I welcome you this Tuesday morning. I hope you had a wonderful Martin Luther King, Jr. holiday. I will be remiss if I did not speculate on how on after Martin Luther King, Jr.'s 2008 holiday, the S&P witnessed a sharp selloff. It was at 1200 then. (the S&P dropped hard during this time interval). Now, we are at 1293. I wonder how much money the "flexions" harvested on the backs of the non flexions? And I cannot wonder if today will witness another selloff by the "flexions" to harvest more of a working stiff's honest money. As LoBagola, a West African native wrote in his book "LoBagola: An African Savageâs Own Story", the trampling elephants (flexions) predictably romped everything in their paths whenever they wanted. And a month later, they would return to the SAME path and exercise their will at the natives' expense, as they watched helplessly (does this not rhyme with today's economic climate in your city?). It was exceedingly symmetric, Gann-like, and frustratingly obvious. And such phenomena are apparent in the markets today, and will be, forever.
JUST REMEMBER..............with douches like steve jobs deciding to keep his personal health an unknown factor for all but a select few..................it is not a level playing field
So true. They probably had a large committee (sworn to secrecy) to advise Steve Jobs on when and how to take his medical leave. Since he obviously knew the Apple earnings would blow away expectations, and since he announced his medical leave over a three day holiday, he picked the most statistically opportune time to take his medical leave, which would have had the least impact on his precious stock. Not to seem like a pessimist, but pancreatic cancer has one of the lowest survival rates of all carcinomas. Especially since he had a liver transplant, the disease must have metastasized, possibly to the lymph nodes.

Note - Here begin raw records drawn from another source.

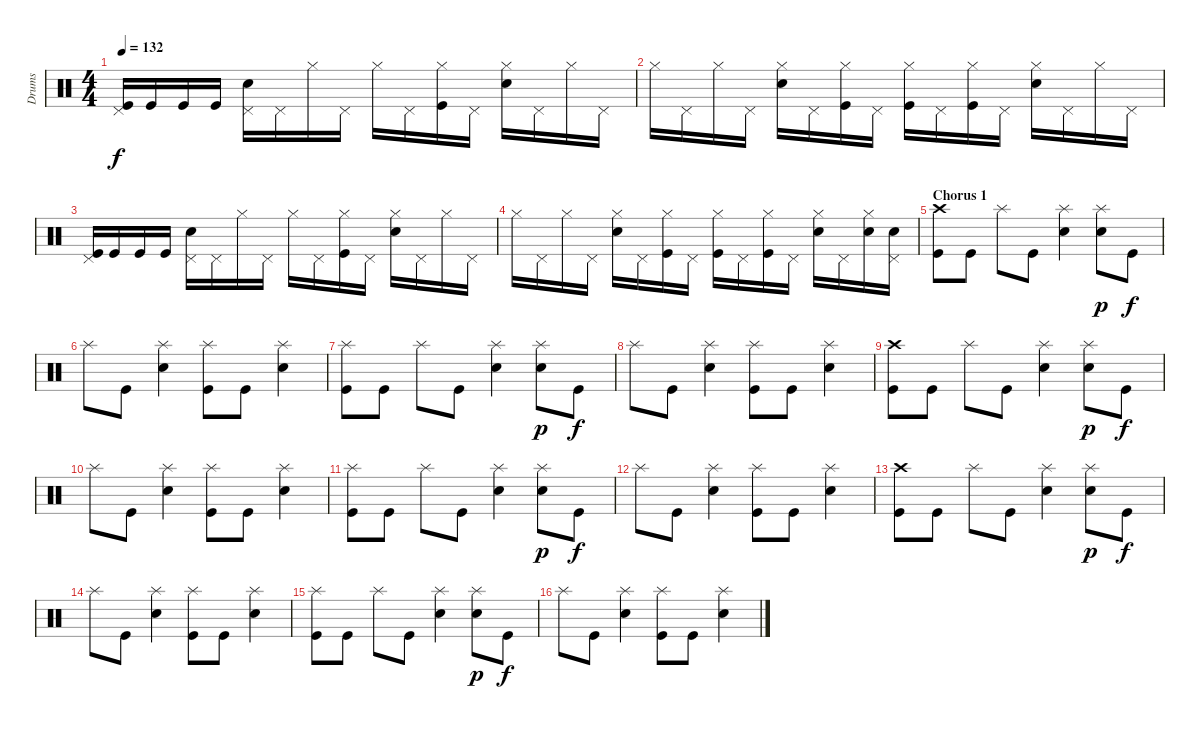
\track ("Drums" "Drums") {instrument percussion}
\staff {score}
\articulation defaults
\ts (4 4)
\tempo 132
\clef neutral
\ks c
("Pedal Hi-Hat (hit)" "Kick (hit)").16{dy f} "Kick (hit)".16 "Kick (hit)".16 "Kick (hit)".16 ("Snare (hit) 2" "Pedal Hi-Hat (hit)").16 "Pedal Hi-Hat (hit)".16 "Hi-Hat (closed)".16 "Pedal Hi-Hat (hit)".16 "Hi-Hat (closed)".16 "Pedal Hi-Hat (hit)".16 ("Hi-Hat (closed)" "Kick (hit)").16 "Pedal Hi-Hat (hit)".16 ("Snare (hit) 2" "Hi-Hat (closed)").16 "Pedal Hi-Hat (hit)".16 "Hi-Hat (closed)".16 "Pedal Hi-Hat (hit)".16 |
"Hi-Hat (closed)".16 "Pedal Hi-Hat (hit)".16 "Hi-Hat (closed)".16 "Pedal Hi-Hat (hit)".16 ("Snare (hit) 2" "Hi-Hat (closed)").16 "Pedal Hi-Hat (hit)".16 ("Hi-Hat (closed)" "Kick (hit)").16 "Pedal Hi-Hat (hit)".16 ("Hi-Hat (closed)" "Kick (hit)").16 "Pedal Hi-Hat (hit)".16 ("Hi-Hat (closed)" "Kick (hit)").16 "Pedal Hi-Hat (hit)".16 ("Snare (hit) 2" "Hi-Hat (closed)").16 "Pedal Hi-Hat (hit)".16 "Hi-Hat (closed)".16 "Pedal Hi-Hat (hit)".16 |
("Pedal Hi-Hat (hit)" "Kick (hit)").16 "Kick (hit)".16 "Kick (hit)".16 "Kick (hit)".16 ("Snare (hit) 2" "Pedal Hi-Hat (hit)").16 "Pedal Hi-Hat (hit)".16 "Hi-Hat (closed)".16 "Pedal Hi-Hat (hit)".16 "Hi-Hat (closed)".16 "Pedal Hi-Hat (hit)".16 ("Hi-Hat (closed)" "Kick (hit)").16 "Pedal Hi-Hat (hit)".16 ("Snare (hit) 2" "Hi-Hat (closed)").16 "Pedal Hi-Hat (hit)".16 "Hi-Hat (closed)".16 "Pedal Hi-Hat (hit)".16 |
"Hi-Hat (closed)".16 "Pedal Hi-Hat (hit)".16 "Hi-Hat (closed)".16 "Pedal Hi-Hat (hit)".16 ("Snare (hit) 2" "Hi-Hat (closed)").16 "Pedal Hi-Hat (hit)".16 ("Hi-Hat (closed)" "Kick (hit)").16 "Pedal Hi-Hat (hit)".16 ("Hi-Hat (closed)" "Kick (hit)").16 "Pedal Hi-Hat (hit)".16 ("Hi-Hat (closed)" "Kick (hit)").16 "Pedal Hi-Hat (hit)".16 ("Snare (hit) 2" "Hi-Hat (closed)").16 "Pedal Hi-Hat (hit)".16 ("Snare (hit) 2" "Hi-Hat (closed)").16 ("Snare (hit) 2" "Pedal Hi-Hat (hit)").16 |
\section ("" "Chorus 1")
("Crash high (hit)" "Kick (hit)").8 "Kick (hit)".8 "Splash (hit)".8 "Kick (hit)".8 ("Snare (hit) 2" "Splash (hit)").4 ("Snare (hit) 2" "Splash (hit)").8{dy p} "Kick (hit)".8{dy f} |
"Splash (hit)".8 "Kick (hit)".8 ("Snare (hit) 2" "Splash (hit)").4 ("Splash (hit)" "Kick (hit)").8 "Kick (hit)".8 ("Snare (hit) 2" "Splash (hit)").4 |
("Splash (hit)" "Kick (hit)").8 "Kick (hit)".8 "Splash (hit)".8 "Kick (hit)".8 ("Snare (hit) 2" "Splash (hit)").4 ("Snare (hit) 2" "Splash (hit)").8{dy p} "Kick (hit)".8{dy f} |
"Splash (hit)".8 "Kick (hit)".8 ("Snare (hit) 2" "Splash (hit)").4 ("Splash (hit)" "Kick (hit)").8 "Kick (hit)".8 ("Snare (hit) 2" "Splash (hit)").4 |
("Crash high (hit)" "Kick (hit)").8 "Kick (hit)".8 "Splash (hit)".8 "Kick (hit)".8 ("Snare (hit) 2" "Splash (hit)").4 ("Snare (hit) 2" "Splash (hit)").8{dy p} "Kick (hit)".8{dy f} |
"Splash (hit)".8 "Kick (hit)".8 ("Snare (hit) 2" "Splash (hit)").4 ("Splash (hit)" "Kick (hit)").8 "Kick (hit)".8 ("Snare (hit) 2" "Splash (hit)").4 |
("Splash (hit)" "Kick (hit)").8 "Kick (hit)".8 "Splash (hit)".8 "Kick (hit)".8 ("Snare (hit) 2" "Splash (hit)").4 ("Snare (hit) 2" "Splash (hit)").8{dy p} "Kick (hit)".8{dy f} |
"Splash (hit)".8 "Kick (hit)".8 ("Snare (hit) 2" "Splash (hit)").4 ("Splash (hit)" "Kick (hit)").8 "Kick (hit)".8 ("Snare (hit) 2" "Splash (hit)").4 |
("Crash high (hit)" "Kick (hit)").8 "Kick (hit)".8 "Splash (hit)".8 "Kick (hit)".8 ("Snare (hit) 2" "Splash (hit)").4 ("Snare (hit) 2" "Splash (hit)").8{dy p} "Kick (hit)".8{dy f} |
"Splash (hit)".8 "Kick (hit)".8 ("Snare (hit) 2" "Splash (hit)").4 ("Splash (hit)" "Kick (hit)").8 "Kick (hit)".8 ("Snare (hit) 2" "Splash (hit)").4 |
("Splash (hit)" "Kick (hit)").8 "Kick (hit)".8 "Splash (hit)".8 "Kick (hit)".8 ("Snare (hit) 2" "Splash (hit)").4 ("Snare (hit) 2" "Splash (hit)").8{dy p} "Kick (hit)".8{dy f} |
"Splash (hit)".8 "Kick (hit)".8 ("Snare (hit) 2" "Splash (hit)").4 ("Splash (hit)" "Kick (hit)").8 "Kick (hit)".8 ("Snare (hit) 2" "Splash (hit)").4

I concur wholeheartedly. Those people you mention like Steve Jobs basically run the game with their own rules, any way they like, whenever they like. I did see a lot of call and put activity in Apple options just before the announcement. I wonder how many of Apple insiders acted on that information. Surely some did. But I am confident they did so in a way that would be difficult to detect. For instance, instead of buying up puts outright, they could have sold bearish call spreads. When I myself was really "in the game", I noted there was a tremendous amount of insider information being passed around. It was so widespread, that policing it all would be impossible. It is like stopping girls from "flashing" for beads at Marti Gras.
Has it occurred to you when one has a fatal/possibly fatal disease, the unknown factors can be unknown to the person sick as well? Predicting Lifespan of the potentially terminally ill is not an exact science. Just ask insurance companies as it relates to aids patients. We know he has a type of cancer that does not have a good survival rate. That is the most valuable information and beyond that I doubt there is much that is of use.
Dear 1prometheus, Yes, I agree with you that the previous poster's calling Steve Jobs a douchebag was a little harsh. We can only pray for Steve Jobs, as he likely does not have long to live. His rather fragile appearance is doubtless because of his liver function, as the liver secretes much of the enzymes to digest his meals. I understand what the previous poster was saying though. The playing field is far from level. I remember hearing about Goldman Sachs' employees selling short the MBS that the firms was advocating and selling (and how unethical that was). Back in the late 90's, when the Internet stocks were floating into orbit, so many traders were e-mailing me and even laughing at the valuations that they just argued were cheap on CNBC. It was all so dishonest and immoral. As I argued, the "flexions" will harvest all of our hard earned money. Without extensive scientific testing, I argue that any trader is doomed in this manipulated environment. If one takes away anything from what I say, please backtest any trading ideas you have. One poster contacted me who uses TOS (Think or Swim) from TD Ameritrade... and asked for advice. I looked at their software, and it is good. They have something I saw called "ThinkBack" and has extensive older data. It seems invaluable. I agree with other posters that such backtesting and demo accounts may have significant drawbacks (as one never knows how they will trade when actual dollars are at stake), but if your trading system (and you must have a system in place) does not work with previous data, it will never work in real life. Test, test, test!
Yes 1prometheus. The SPX and Nasdaq caught quite a beating today. Is this the part where retail investors, finally talked into believing all the hype from shill sites and talking heads at CNBC come rushing back in to pick up "bargains" being unloaded by insiders and professionals (i.e. the flexions)?
Thoreau, thank you for offering your perspective on options trading. I have traded futures for about 12 years but have never traded an options contract. With futures (a simple directional play) I can visualize or conceptualize the types of market dynamics that can create an edge over a few hours to a few days, and I have been able to utilize backtesting to clarify my strategies. I have never traded an options contract because I am not able to "get my hands" around them well enough to make what I think would be an intelligent approach. For example I was aware of one of the trading edges you mentioned in a prior post but implement it via a simple directional play. What is the dynamic in options trading that creates an edge beyond directional positioning? I can understand attempting to take advantage of time decay, yet I do not see the beyond where one gets an edge from this rather than just a % winner. It could lack of data, but even here before I approached Data with futures trading I had already developed a number of useful mental models or hypothesis that prevented blind groping.